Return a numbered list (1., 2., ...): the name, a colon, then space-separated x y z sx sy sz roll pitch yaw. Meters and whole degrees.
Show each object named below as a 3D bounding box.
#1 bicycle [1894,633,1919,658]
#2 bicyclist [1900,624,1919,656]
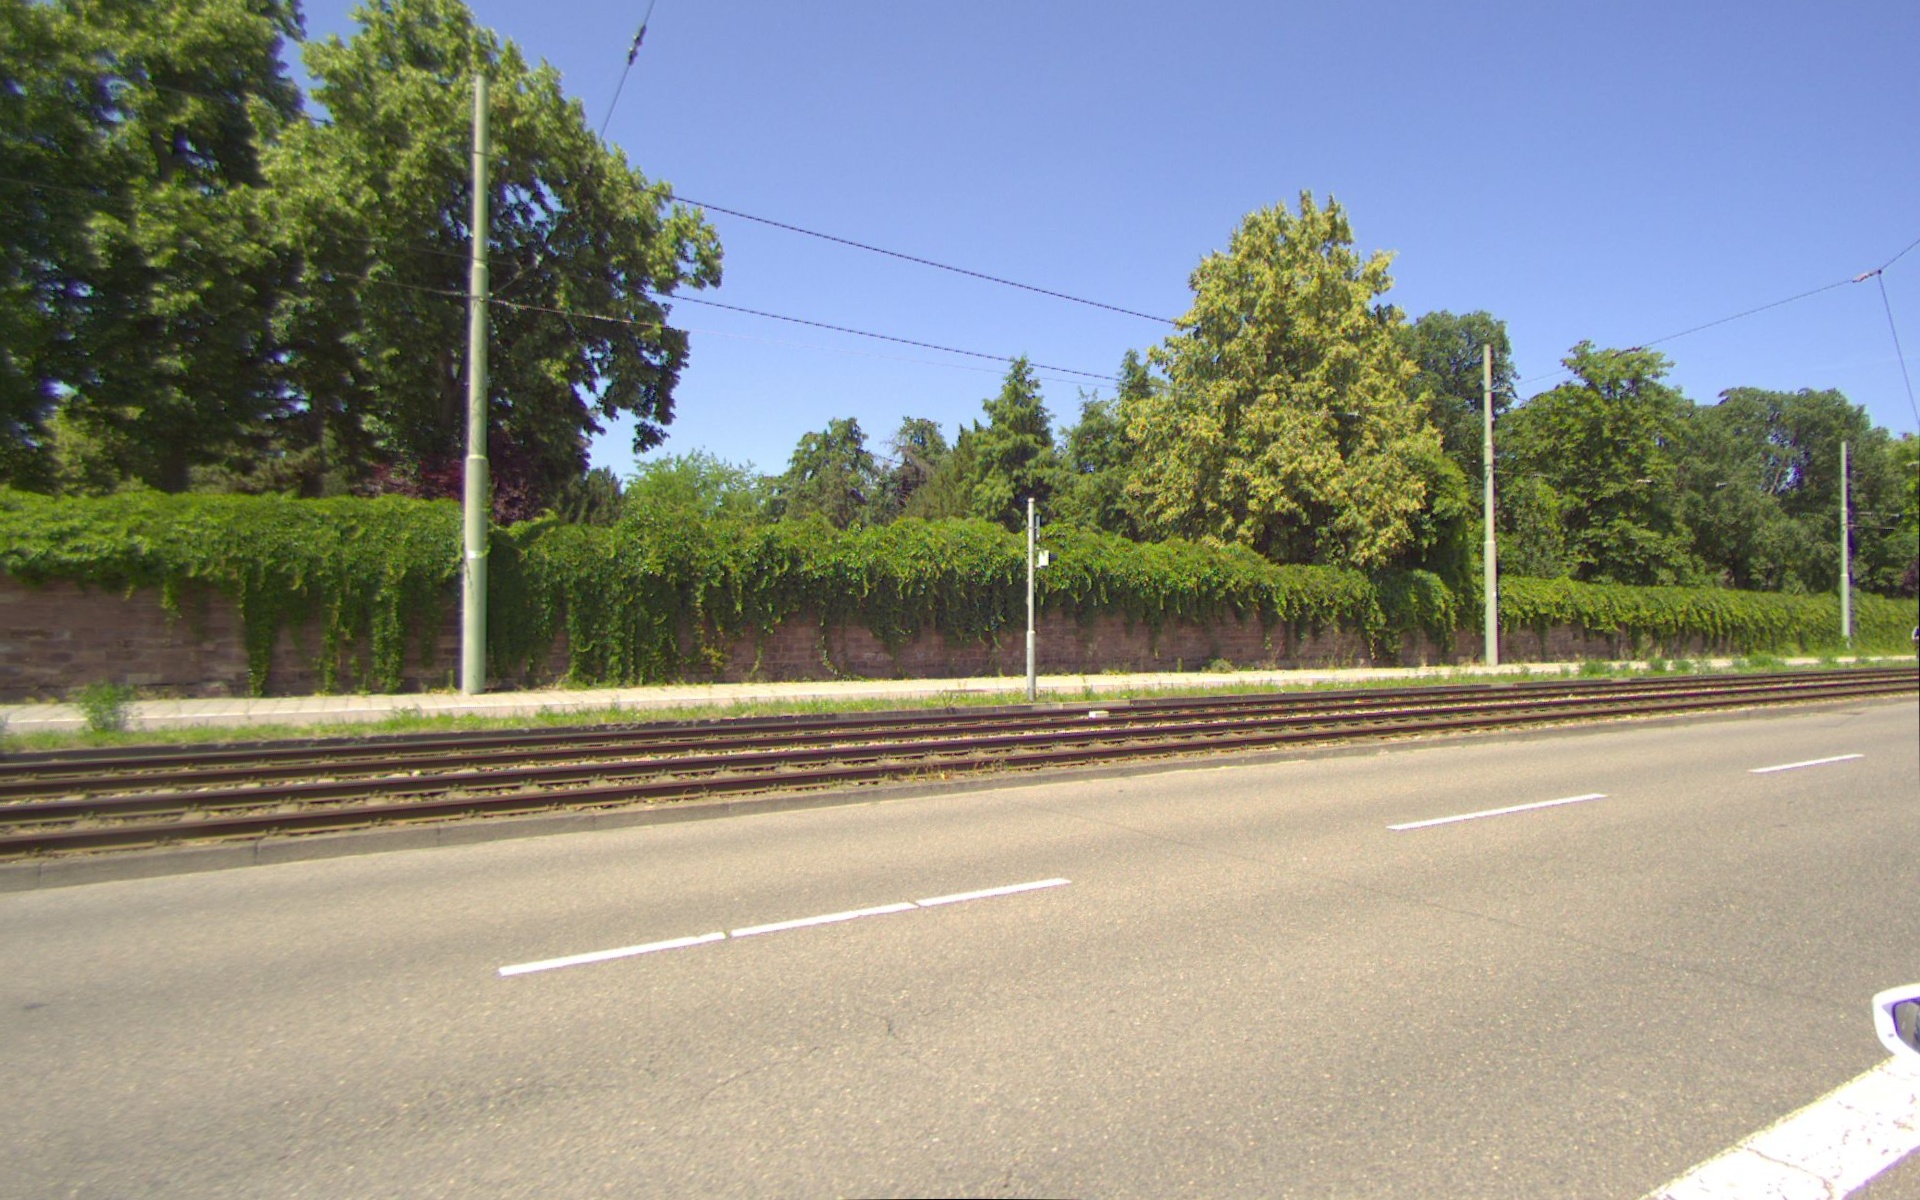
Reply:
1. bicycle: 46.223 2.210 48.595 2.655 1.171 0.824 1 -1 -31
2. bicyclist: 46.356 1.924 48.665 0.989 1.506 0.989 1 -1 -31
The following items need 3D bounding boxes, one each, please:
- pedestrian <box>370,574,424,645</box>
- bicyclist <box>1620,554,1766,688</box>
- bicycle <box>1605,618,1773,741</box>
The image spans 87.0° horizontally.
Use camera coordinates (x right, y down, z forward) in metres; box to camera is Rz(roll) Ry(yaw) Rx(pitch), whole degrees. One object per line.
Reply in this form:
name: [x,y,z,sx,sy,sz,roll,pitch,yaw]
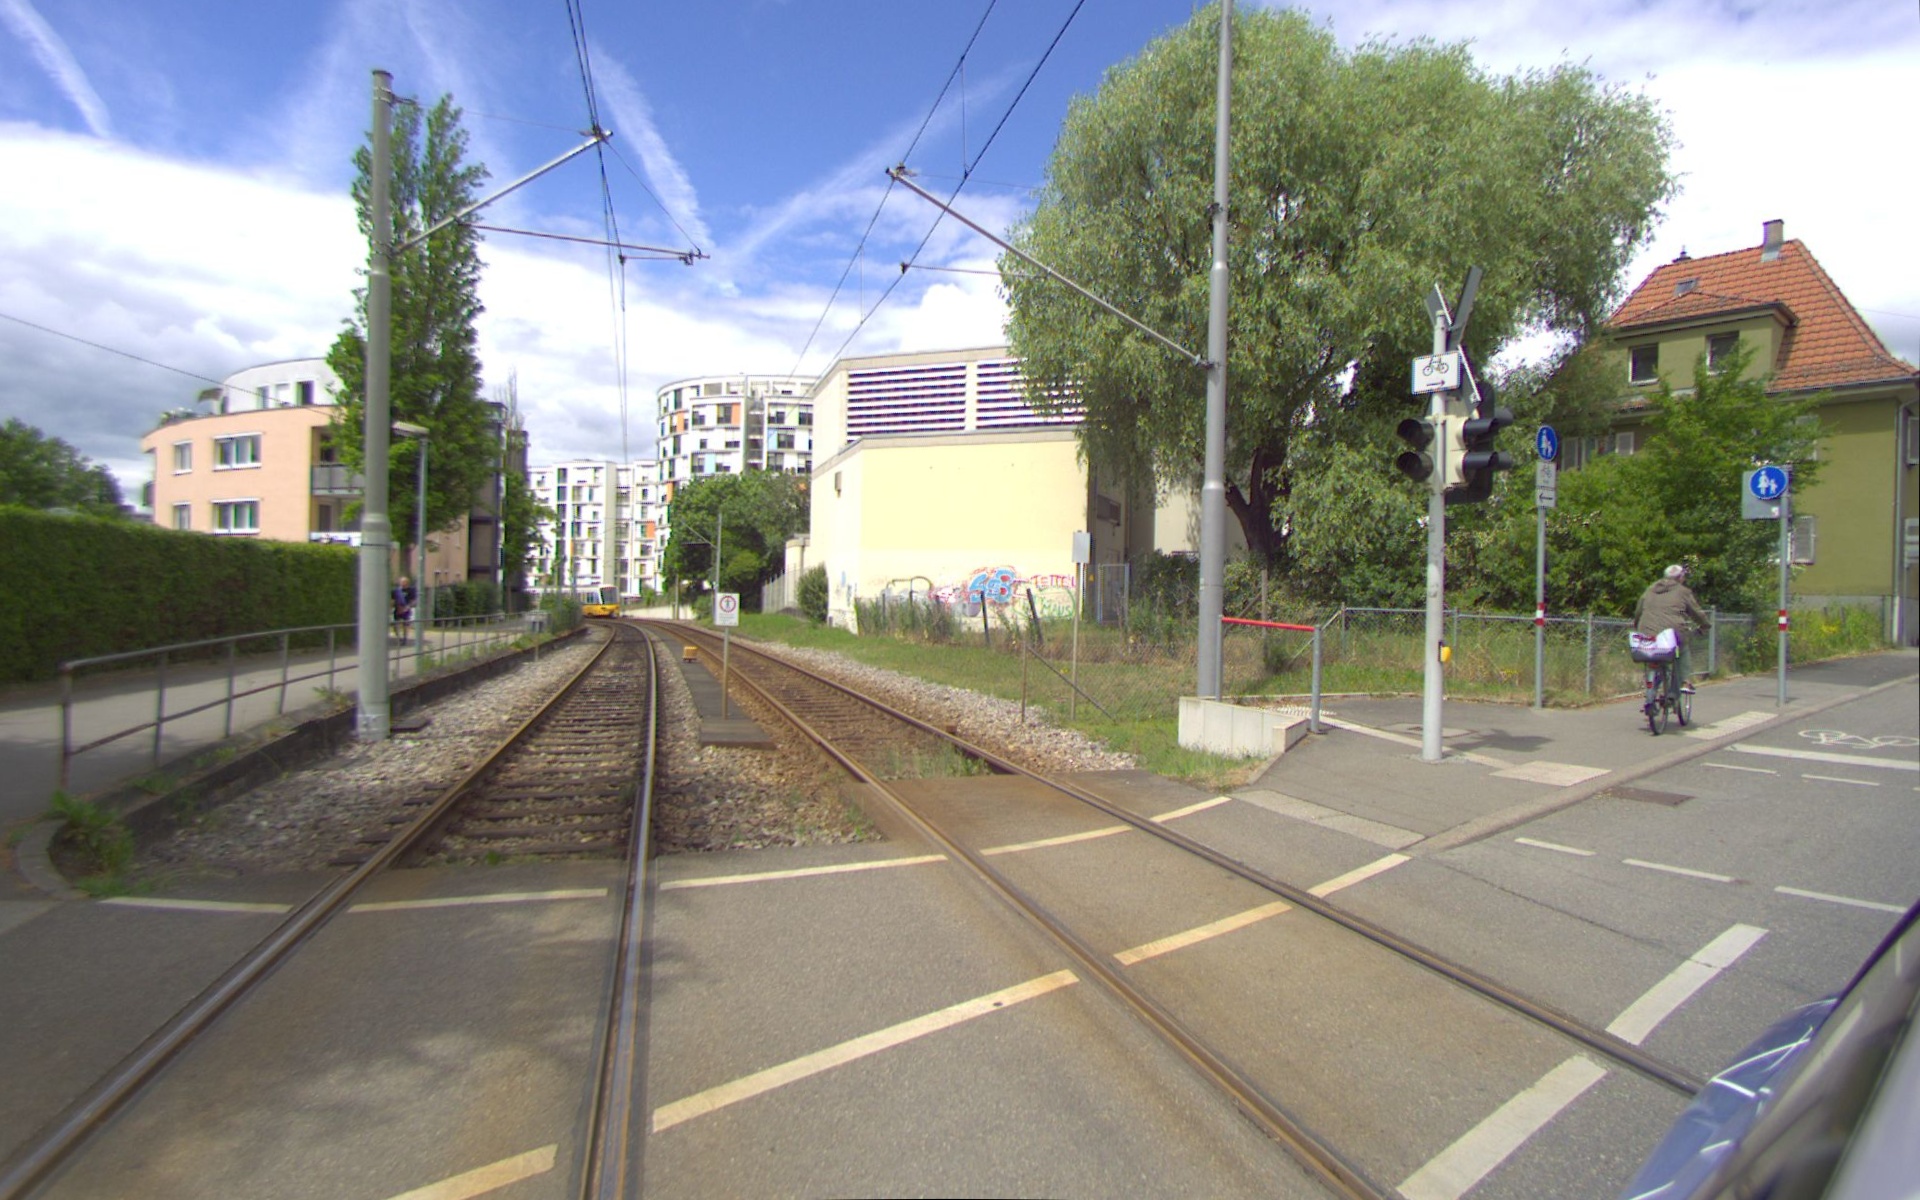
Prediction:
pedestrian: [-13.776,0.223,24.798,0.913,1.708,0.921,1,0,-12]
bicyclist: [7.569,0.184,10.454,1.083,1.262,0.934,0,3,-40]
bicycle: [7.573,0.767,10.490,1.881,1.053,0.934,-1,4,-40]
* * *
▶ [BRIEF]: Beginning with the line that contains "Reply in this" and ending with the final line of the listing, return each line exactly. Omit all pictures.

▶ [COMPLETED TASK]:
Reply in this form:
name: [x,y,z,sx,sy,sz,roll,pitch,yaw]
Prediction:
pedestrian: [-13.776,0.223,24.798,0.913,1.708,0.921,1,0,-12]
bicyclist: [7.569,0.184,10.454,1.083,1.262,0.934,0,3,-40]
bicycle: [7.573,0.767,10.490,1.881,1.053,0.934,-1,4,-40]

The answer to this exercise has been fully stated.